R: Simulation of Markov point process model.

sim.mpp {MppMLE}

R Documentation

Simulation of Markov point process model.

Description

A Markov point process model is simulated using a Metropolis-Hastings birth-death algorithm

Usage

sim.mpp(inhompar,interactpar,interactradii,smpsize,space,side=c(1,1,0,0),condint=F,
condext=F,obspoints=matrix(0,0,0),initpoints=matrix(0,0,0),model=1,torus=F,boot=F)

Arguments

`inhompar, interactpar, interactradii`	parameters for Markov point processes, see details on models
`smpsize`	size of MCMC sample
`space`	specifies subsampling of birth-death Markov chain
`side`	specifies simulation window which is [-side[3],side[1]+side[3]] times [-side[4],side[2]+side[4]]
`condint`	if true, conditional simulation with "interior conditioning". Simulation is conditional on the point configuration of obspoints which falls within [0,side[1]] times [0,side[2]]
`condext`	if true, conditional simulation with "exterior conditioning". Simulation is conditional on the point configuration of obspoints which falls outside [0,side[1]] times [0,side[2]]
`obspoints`	point pattern which may be used for conditional simulation (matrix of three columns: x, y and mark)
`initpoints`	initial point pattern for simulations (matrix of three columns: x, y and mark)
`model`	specifies the type of Markov point process being simulated, see details on models
`torus`	if true, toroidal edge correction is used
`boot`	if true, 100 equispaced states (simulated point patterns) from the Markov chain are printed on files boot1.out, boot2.out etc.

Details

This function simulates a Markov point process model using a Metropolis-Hastings birth-death algorithm, see Moeller and Waagepetersen (2003,2006). Interaction parameters are for the exponential family representation. The simulation window is given by [-side[3],side[1]+side[3]] times [-side[4],side[2]+side[4]]. It is possible to condition on points either inside or outside [0,side[1]] times [0,side[2]].

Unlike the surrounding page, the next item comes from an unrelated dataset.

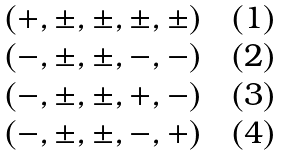Convert formula to latex. <formula><loc_0><loc_0><loc_500><loc_500>\begin{array} { l l l l } ( + , \pm , \pm , \pm , \pm ) \quad ( 1 ) \\ ( - , \pm , \pm , - , - ) \quad ( 2 ) \\ ( - , \pm , \pm , + , - ) \quad ( 3 ) \\ ( - , \pm , \pm , - , + ) \quad ( 4 ) \end{array}</formula>

The simulation procedure terminates if the simulated number of points exceeds 5000.

Models

0 is the multiscale process. In this case interactradii[1] specifies the maximal interaction range and interactionradii[2] specifies the number of intervals (of same length) with different interaction parameters. The interaction parameters are given in interactpar. The vector inhompar should have one component: the first order interaction potential (AKA the chemical activity).

1 implements the overlap process used for Norwegian spruces data in Moeller and Waagepetersen (2003). In this case interactradii[0] specifies the factor for computing influence zones.

2 is a multitype (0 or 1) Strauss process where inhompar contains coefficients for a fourth-order polynomial in the y coordinate while interactpar contains 3 interactionparameters for interactions between type 0 points, between type 0 and type 1 points, and between type 1 points. The interaction radius is given in interactradii.

3 is as 2 but only one interactionparameter is used regardless of type of the points.

4 is the hierarchical model used for ants's nests in Moeller and Waagepetersen (2006).

Value

A matrix of dimension of sufficient statistic times smpsize where each column is the sufficient statistic obtained from a point pattern state of the Metropolis-Hastings chain.

Author(s)

Rasmus Waagepetersen rw@math.aau.dk http://www.math.aau.dk/~rw

References

Moeller, J. and Waagepetersen, R. (2003) Statistical inference and simulation of spatial point processes. Chapman & Hall/CRC Press, Boca Raton.

Moeller, J. and Waagepetersen, R. (2006) Modern statistics for spatial point processes. (prepared as a discussion paper for Scandinavian Journal of Statistics).